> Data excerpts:
◆ ◆ ◆

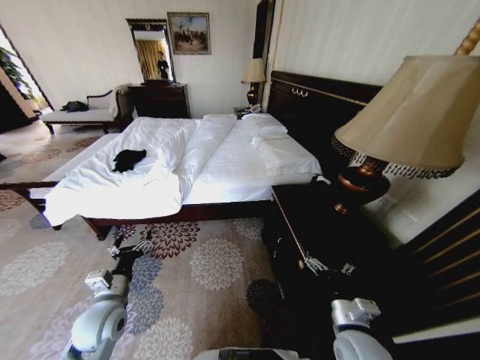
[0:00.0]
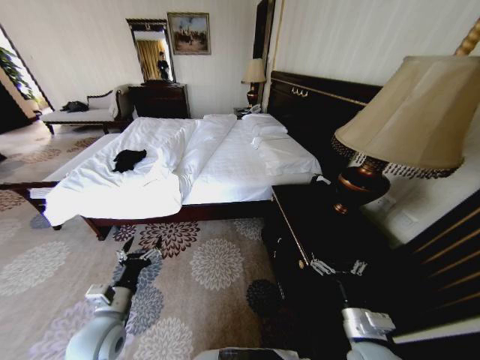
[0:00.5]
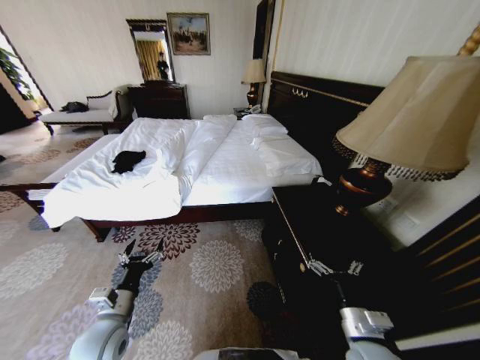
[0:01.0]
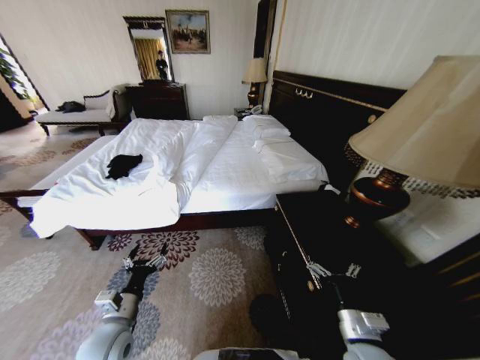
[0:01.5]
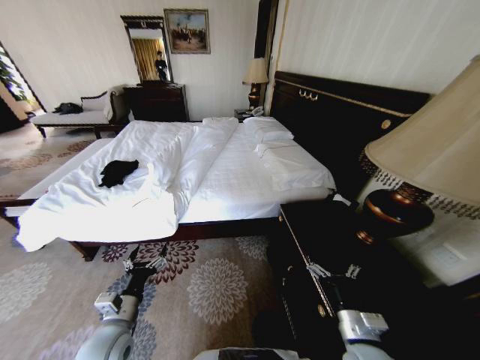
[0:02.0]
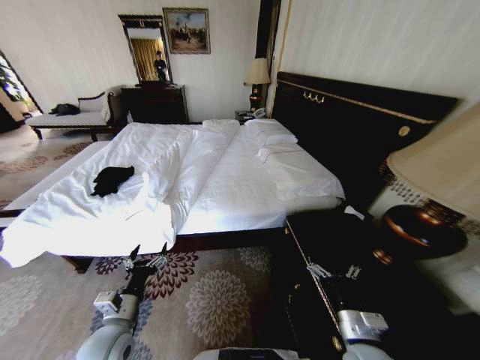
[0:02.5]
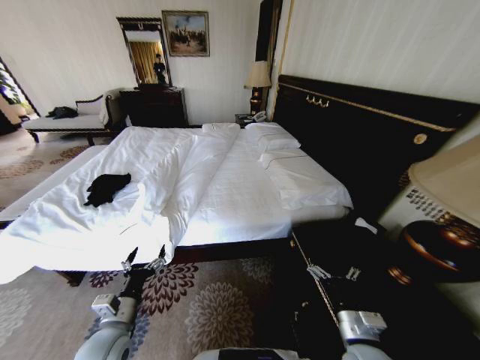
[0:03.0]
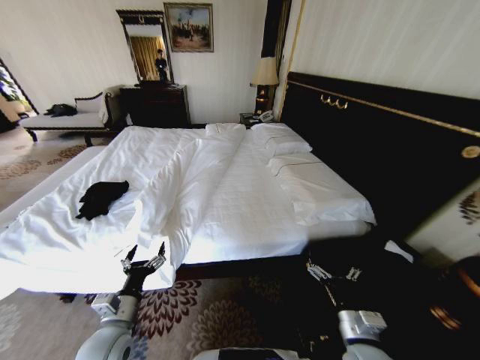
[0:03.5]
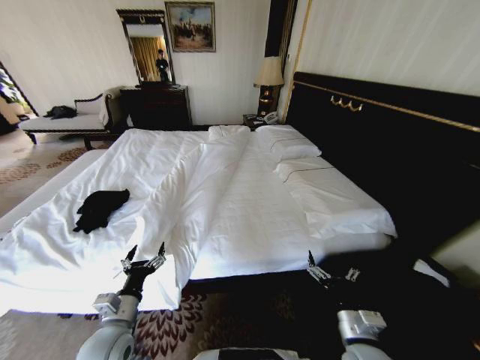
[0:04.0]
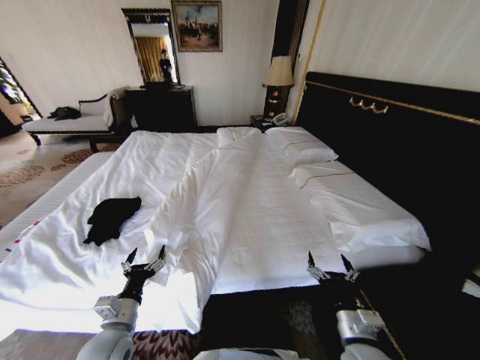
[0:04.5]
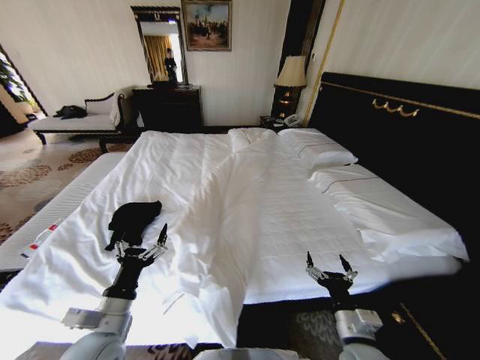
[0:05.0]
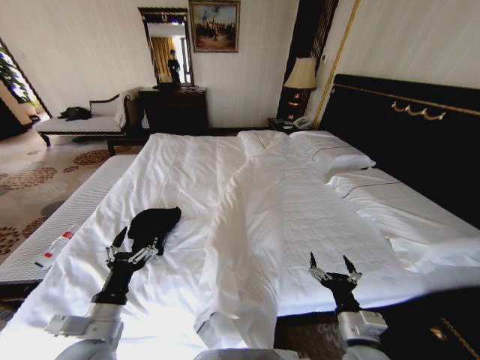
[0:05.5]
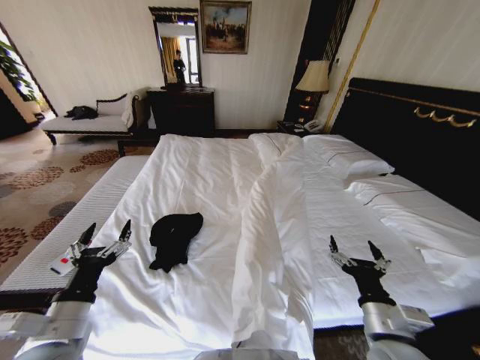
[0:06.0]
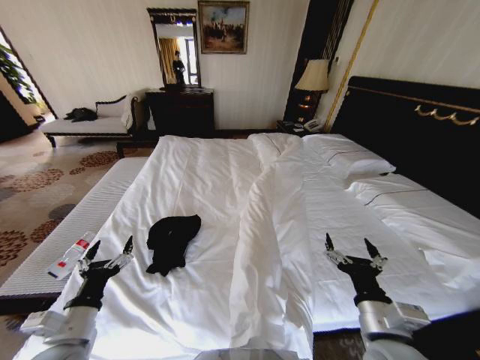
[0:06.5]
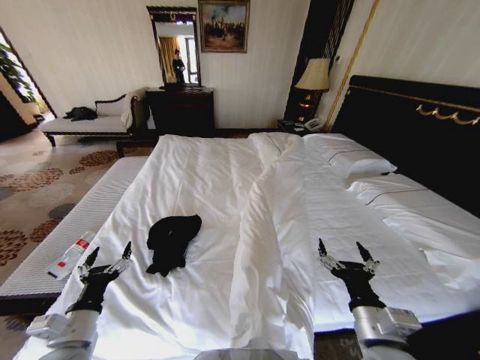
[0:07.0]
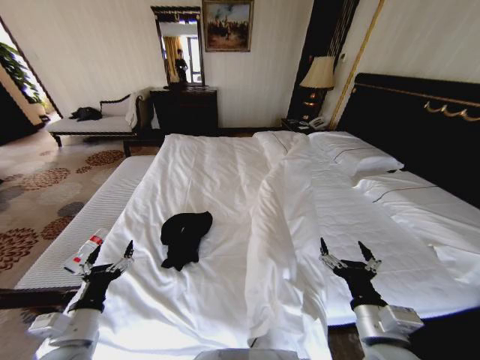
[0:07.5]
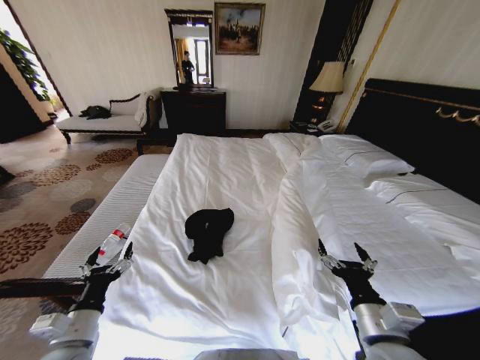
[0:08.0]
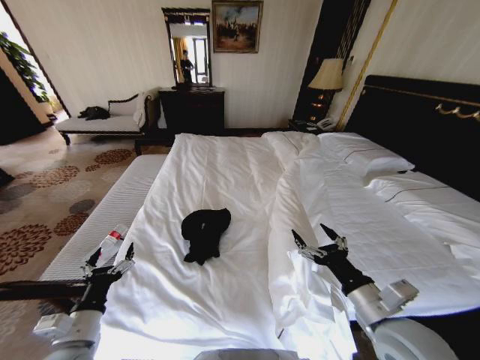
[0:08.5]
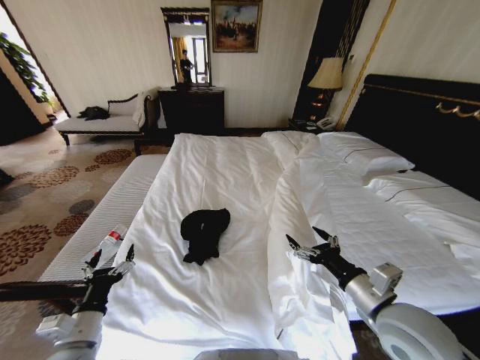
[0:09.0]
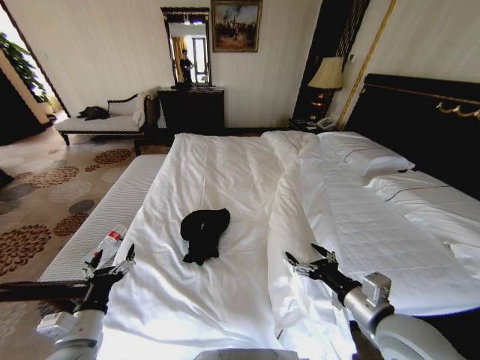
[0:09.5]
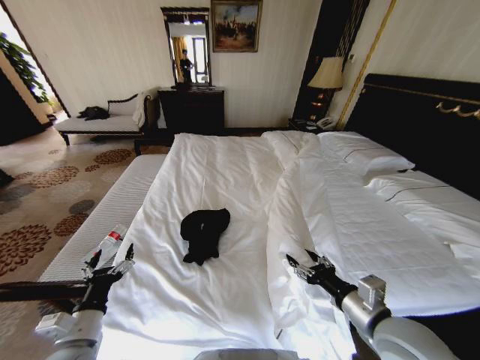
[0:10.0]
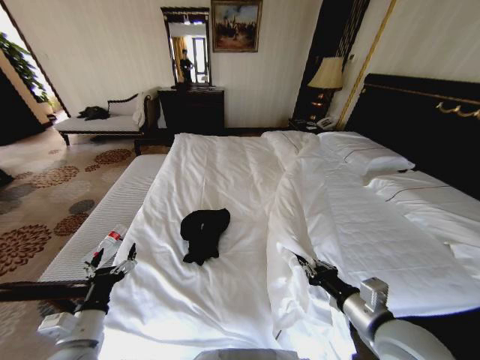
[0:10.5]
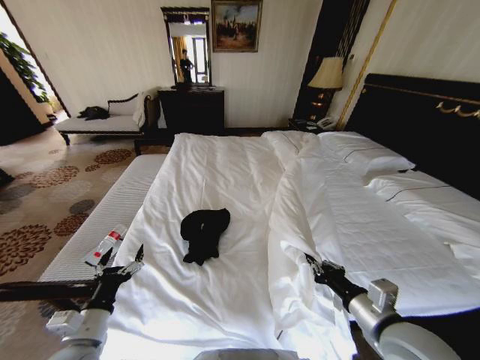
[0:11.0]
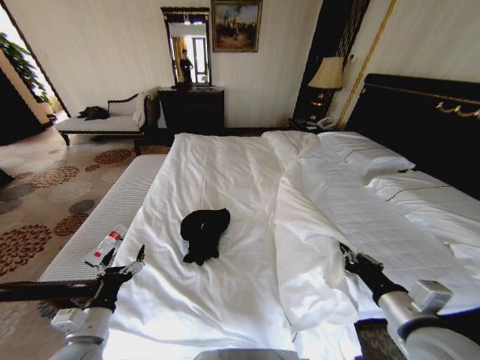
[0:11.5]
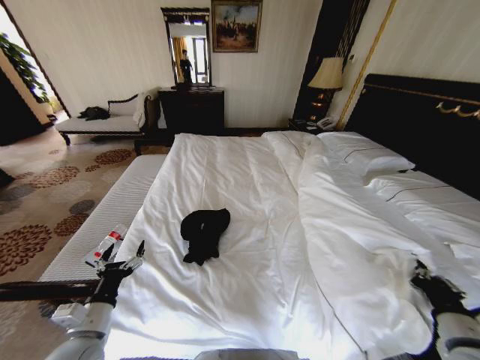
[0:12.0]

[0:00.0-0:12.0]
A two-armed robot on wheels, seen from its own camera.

◆ ◆ ◆

> AIM OF THE TASK:
Retype all of the data above word for word, excluding the pictures.

> TASK RESULT:
[0:00.0]
[0:00.5]
[0:01.0]
[0:01.5]
[0:02.0]
[0:02.5]
[0:03.0]
[0:03.5]
[0:04.0]
[0:04.5]
[0:05.0]
[0:05.5]
[0:06.0]
[0:06.5]
[0:07.0]
[0:07.5]
[0:08.0]
[0:08.5]
[0:09.0]
[0:09.5]
[0:10.0]
[0:10.5]
[0:11.0]
[0:11.5]
[0:12.0]

[0:00.0-0:12.0]
A two-armed robot on wheels, seen from its own camera.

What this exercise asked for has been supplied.